March 12, 2007

The Reporting of Employment News Is Inadequate, or Worse; Here’s Why

Here are Three Things to Remember about The Government’s Monthly Employment Reports:

First, the initial report for the current month by the Bureaus of Labor Statistics (BLS) has usually contained significant upward revisions to previous months, as shown here:


For the past seven months, the number reported for jobs added in the current month has been, on average, less than 2/3 of the total reported increase in jobs, because of significant revisions to prior months.

Second, as you would expect because of the first point, the current month’s initially reported total has usually been revised upward quite a bit in subsequent months:


For the last five months of 2006 (the most recent months for which all revisions have been made), the number the BLS reported for jobs added in the current month has been, on average, only about 60% of what was ultimately reported for that month after revisions.

Third, BLS does an annual comprehensive revision to reported employment numbers that is released every February, as described more fully here. The latest comprehensive revision added over 900,000 jobs that were spread over the previous two years of revised results.

The problem, simply put is simply this:

  • The initial report gets the news coverage.
  • The routine revisions in the following two months, if they get coverage at all, almost never make the headlines and usually don’t get into the first couple of paragraphs of any media report.
  • The annual comprehensive revision is almost completely ignored.
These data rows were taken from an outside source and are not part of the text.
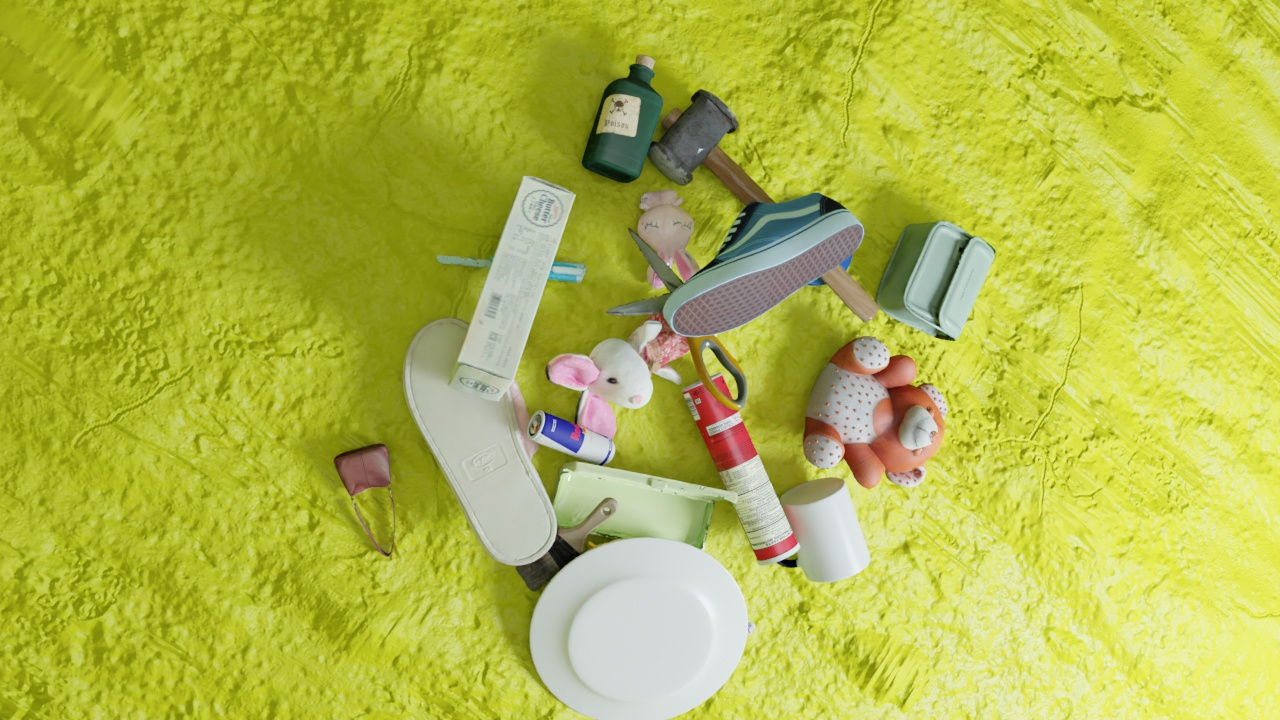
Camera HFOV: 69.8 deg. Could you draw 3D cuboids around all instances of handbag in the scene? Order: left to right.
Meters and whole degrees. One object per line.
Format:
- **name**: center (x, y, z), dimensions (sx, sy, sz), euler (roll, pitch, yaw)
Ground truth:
- **handbag**: center (-0.279, 0.150, 0.964), dimensions (0.055, 0.029, 0.120), euler (-15, 102, -11)
- **handbag**: center (0.356, -0.098, 1.095), dimensions (0.106, 0.067, 0.121), euler (25, 86, -16)

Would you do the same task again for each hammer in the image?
- **hammer**: center (0.151, -0.163, 1.035), dimensions (0.328, 0.052, 0.098), euler (42, 83, -9)

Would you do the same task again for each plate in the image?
- **plate**: center (0.000, 0.304, 1.007), dimensions (0.242, 0.016, 0.243), euler (-2, 109, -6)

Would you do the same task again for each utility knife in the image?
- **utility knife**: center (-0.138, -0.105, 0.991), dimensions (0.161, 0.015, 0.022), euler (6, 78, -15)

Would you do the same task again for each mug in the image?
- **mug**: center (0.199, 0.200, 1.069), dimensions (0.112, 0.078, 0.097), euler (-18, 98, 15)

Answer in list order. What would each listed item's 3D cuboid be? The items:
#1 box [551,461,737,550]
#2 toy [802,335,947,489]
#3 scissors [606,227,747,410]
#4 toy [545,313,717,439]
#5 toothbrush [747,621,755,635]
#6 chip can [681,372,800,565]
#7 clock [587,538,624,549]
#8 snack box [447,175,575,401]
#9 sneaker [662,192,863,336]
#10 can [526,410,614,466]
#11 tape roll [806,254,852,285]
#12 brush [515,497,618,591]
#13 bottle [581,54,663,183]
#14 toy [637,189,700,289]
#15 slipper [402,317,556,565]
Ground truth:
- **box**: center (0.000, 0.152, 1.018), dimensions (0.188, 0.066, 0.128), euler (12, 134, -13)
- **toy**: center (0.282, 0.069, 1.070), dimensions (0.172, 0.093, 0.163), euler (23, 85, -16)
- **scissors**: center (0.070, -0.061, 0.984), dimensions (0.229, 0.016, 0.225), euler (-35, 91, -30)
- **toy**: center (-0.006, 0.006, 0.995), dimensions (0.194, 0.084, 0.159), euler (-31, 138, -16)
- **toothbrush**: center (0.086, 0.264, 1.054), dimensions (0.022, 0.016, 0.155), euler (-36, 112, 1)
- **chip can**: center (0.112, 0.121, 1.032), dimensions (0.051, 0.052, 0.214), euler (-24, 89, -13)
- **clock**: center (-0.004, 0.245, 1.022), dimensions (0.129, 0.043, 0.099), euler (16, 107, -7)
- **snack box**: center (-0.130, -0.070, 0.922), dimensions (0.057, 0.104, 0.207), euler (20, 71, -11)
- **sneaker**: center (0.113, -0.109, 0.972), dimensions (0.241, 0.083, 0.098), euler (-28, 55, -17)
- **can**: center (-0.072, 0.083, 0.968), dimensions (0.095, 0.032, 0.032), euler (25, 86, -29)
- **tape roll**: center (0.205, -0.135, 1.078), dimensions (0.093, 0.016, 0.091), euler (22, 87, -15)
- **brush**: center (-0.078, 0.197, 0.990), dimensions (0.039, 0.012, 0.151), euler (45, 111, -9)
- **bottle**: center (-0.014, -0.265, 0.992), dimensions (0.061, 0.061, 0.131), euler (18, 88, -17)
- **toy**: center (0.031, -0.135, 1.018), dimensions (0.063, 0.047, 0.110), euler (-13, 99, -5)
- **slipper**: center (-0.168, 0.086, 0.970), dimensions (0.114, 0.054, 0.274), euler (-21, 88, -9)

The net effect is that even people who are paying reasonably close attention to news about the economy almost by definition have to be underestimating just how many jobs are being added. Because of the nearly invisible revisions and annual adjustments, almost no one would believe you if you told them that over 7.5 million jobs have been added in the past 3-1/2 years, but that is indeed the case:


You would hope that initial reports of increases in employment would be treated with at least a little bit of caution. But that is not the case, as this typical report from Reuters on the February jobs numbers from last week demonstrates:

The U.S. economy added a slightly weaker-than-expected 97,000 jobs in February, the smallest gain in more than two years, as increases in service-sector employment offset declines in construction and manufacturing, a government report showed on Friday.

Dan Clifton at the American Shareholders Association blog made a reasonable prediction last week that February’s numbers will go up, as they did in almost every month noted above, and, according to Dan, as they have in almost every month for the past two years:

These numbers will be revised higher and bring the level over 100,000. Yet, the naysayers will still be saying job growth is slowing. But this wrong.
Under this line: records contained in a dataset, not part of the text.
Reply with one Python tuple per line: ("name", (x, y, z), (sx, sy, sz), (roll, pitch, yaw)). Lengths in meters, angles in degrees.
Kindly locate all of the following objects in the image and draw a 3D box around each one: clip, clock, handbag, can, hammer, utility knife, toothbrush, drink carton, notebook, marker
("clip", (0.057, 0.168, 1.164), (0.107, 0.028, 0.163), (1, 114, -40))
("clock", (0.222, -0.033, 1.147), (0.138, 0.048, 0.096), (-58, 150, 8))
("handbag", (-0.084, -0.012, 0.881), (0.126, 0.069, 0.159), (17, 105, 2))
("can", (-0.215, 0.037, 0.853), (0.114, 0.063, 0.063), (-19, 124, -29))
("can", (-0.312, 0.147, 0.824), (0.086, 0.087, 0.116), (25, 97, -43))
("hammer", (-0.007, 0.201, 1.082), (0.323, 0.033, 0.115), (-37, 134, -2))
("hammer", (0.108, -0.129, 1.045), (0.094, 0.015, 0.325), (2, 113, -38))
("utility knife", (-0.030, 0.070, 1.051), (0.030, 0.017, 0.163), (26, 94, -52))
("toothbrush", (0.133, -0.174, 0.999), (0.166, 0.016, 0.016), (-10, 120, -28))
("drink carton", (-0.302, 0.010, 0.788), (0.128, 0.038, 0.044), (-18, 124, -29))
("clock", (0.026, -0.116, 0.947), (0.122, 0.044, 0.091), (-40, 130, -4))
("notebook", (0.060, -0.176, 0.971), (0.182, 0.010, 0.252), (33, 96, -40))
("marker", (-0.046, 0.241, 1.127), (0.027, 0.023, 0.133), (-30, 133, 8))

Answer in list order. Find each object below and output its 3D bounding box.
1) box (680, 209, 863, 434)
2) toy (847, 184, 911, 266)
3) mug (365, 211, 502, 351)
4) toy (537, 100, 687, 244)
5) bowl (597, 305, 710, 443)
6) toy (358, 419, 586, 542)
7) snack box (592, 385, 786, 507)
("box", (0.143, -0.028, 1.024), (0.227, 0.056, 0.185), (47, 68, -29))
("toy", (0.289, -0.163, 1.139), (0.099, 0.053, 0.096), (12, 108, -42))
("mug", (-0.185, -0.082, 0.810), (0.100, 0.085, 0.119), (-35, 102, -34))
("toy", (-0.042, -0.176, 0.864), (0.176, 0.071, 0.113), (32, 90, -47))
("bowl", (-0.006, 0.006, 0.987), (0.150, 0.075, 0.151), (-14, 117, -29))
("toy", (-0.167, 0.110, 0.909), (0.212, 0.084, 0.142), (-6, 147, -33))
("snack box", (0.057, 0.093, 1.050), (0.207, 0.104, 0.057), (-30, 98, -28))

If the general form of the recent past noted above holds, the final jobs increase number for February, which we won’t know until May, will go up by 40,000 or so and end up in the neighborhood of 140,000.

I therefore submit that reporting an initial figure as Reuters did with the “scare description” of “lowest in 2 years” will probably turn out to be wrong, and that reporting the initial number as if it’s a done deal, or that it won’t change much (which is what Reuters’ report at least implied), should therefore be seen as more than a little irresponsible. Why? Well, ask yourself this: What are the chances that Reuters will correct the initial report’s “lowest in two years” hysterics if the job numbers do go up quite a bit? (Similar headlines appeared with September’s initial reports, and were followed by whopping September revisions that were mostly ignored — Or have you seen any corrections I haven’t seen?) Even in the remote chance that a correction occurs, how many million readers have been influenced (probably incorrectly) to believe that job growth was mediocre and on a downward trend in February?